■ DATA ■

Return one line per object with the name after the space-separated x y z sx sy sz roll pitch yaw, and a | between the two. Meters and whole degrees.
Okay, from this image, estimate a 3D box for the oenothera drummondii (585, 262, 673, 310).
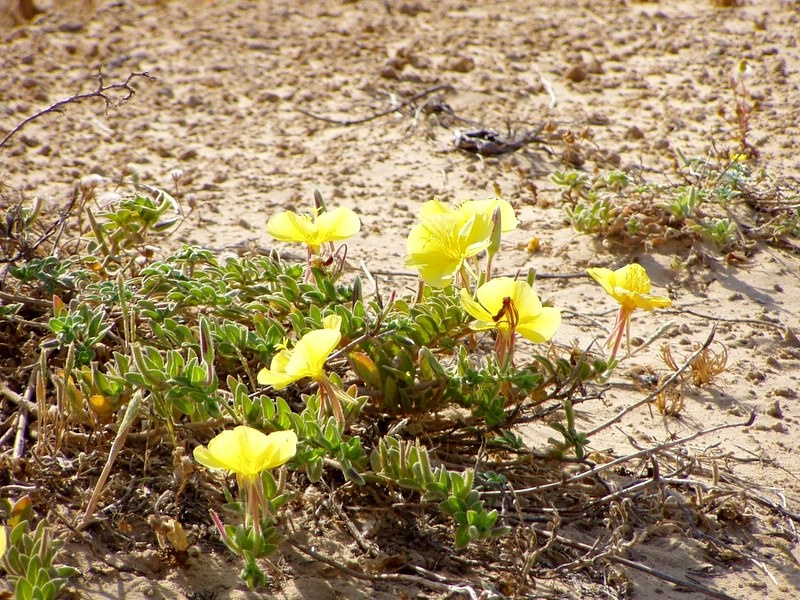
0.866 -0.031 3.930 0.215 0.189 0.090 -19 91 -28 | oenothera drummondii

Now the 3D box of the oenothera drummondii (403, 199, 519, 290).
0.238 -0.260 3.921 0.371 0.160 0.371 -1 33 37 | oenothera drummondii

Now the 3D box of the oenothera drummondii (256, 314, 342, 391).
-0.293 0.223 3.595 0.256 0.228 0.110 -27 84 22 | oenothera drummondii

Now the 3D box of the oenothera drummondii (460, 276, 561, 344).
0.393 0.048 3.691 0.294 0.160 0.326 -25 37 -25 | oenothera drummondii
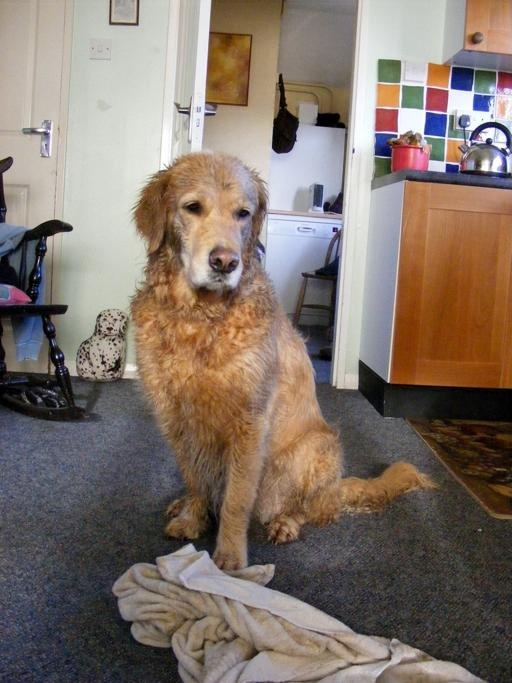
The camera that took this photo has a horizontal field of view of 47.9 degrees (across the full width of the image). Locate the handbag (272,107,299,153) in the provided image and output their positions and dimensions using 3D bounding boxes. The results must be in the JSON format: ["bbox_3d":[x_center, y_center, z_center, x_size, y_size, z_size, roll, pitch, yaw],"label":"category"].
[{"bbox_3d":[0.323,-2.309,6.323,0.257,0.445,0.151,3,7,1],"label":"handbag"}]

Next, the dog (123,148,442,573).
[{"bbox_3d":[0.037,0.035,1.572,0.659,1.000,0.483,-4,10,-44],"label":"dog"}]

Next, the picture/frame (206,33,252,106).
[{"bbox_3d":[-0.283,-2.704,5.758,0.541,0.659,0.020,16,26,27],"label":"picture/frame"}]

■ WHAT YOU SHOULD DO ■
Output the complete listing exactly as it appears, except for the images.

■ EXPECTED ANSWER ■
Return one line per object with the name after the space-separated x y z sx sy sz roll pitch yaw, and a | between the two. Meters and whole degrees.
Okay, from this image, estimate a 3D box for the oenothera drummondii (585, 262, 673, 310).
0.866 -0.031 3.930 0.215 0.189 0.090 -19 91 -28 | oenothera drummondii

Now the 3D box of the oenothera drummondii (403, 199, 519, 290).
0.238 -0.260 3.921 0.371 0.160 0.371 -1 33 37 | oenothera drummondii

Now the 3D box of the oenothera drummondii (256, 314, 342, 391).
-0.293 0.223 3.595 0.256 0.228 0.110 -27 84 22 | oenothera drummondii

Now the 3D box of the oenothera drummondii (460, 276, 561, 344).
0.393 0.048 3.691 0.294 0.160 0.326 -25 37 -25 | oenothera drummondii
The camera that took this photo has a horizontal field of view of 47.9 degrees (across the full width of the image). Locate the handbag (272,107,299,153) in the provided image and output their positions and dimensions using 3D bounding boxes. The results must be in the JSON format: ["bbox_3d":[x_center, y_center, z_center, x_size, y_size, z_size, roll, pitch, yaw],"label":"category"].
[{"bbox_3d":[0.323,-2.309,6.323,0.257,0.445,0.151,3,7,1],"label":"handbag"}]

Next, the dog (123,148,442,573).
[{"bbox_3d":[0.037,0.035,1.572,0.659,1.000,0.483,-4,10,-44],"label":"dog"}]

Next, the picture/frame (206,33,252,106).
[{"bbox_3d":[-0.283,-2.704,5.758,0.541,0.659,0.020,16,26,27],"label":"picture/frame"}]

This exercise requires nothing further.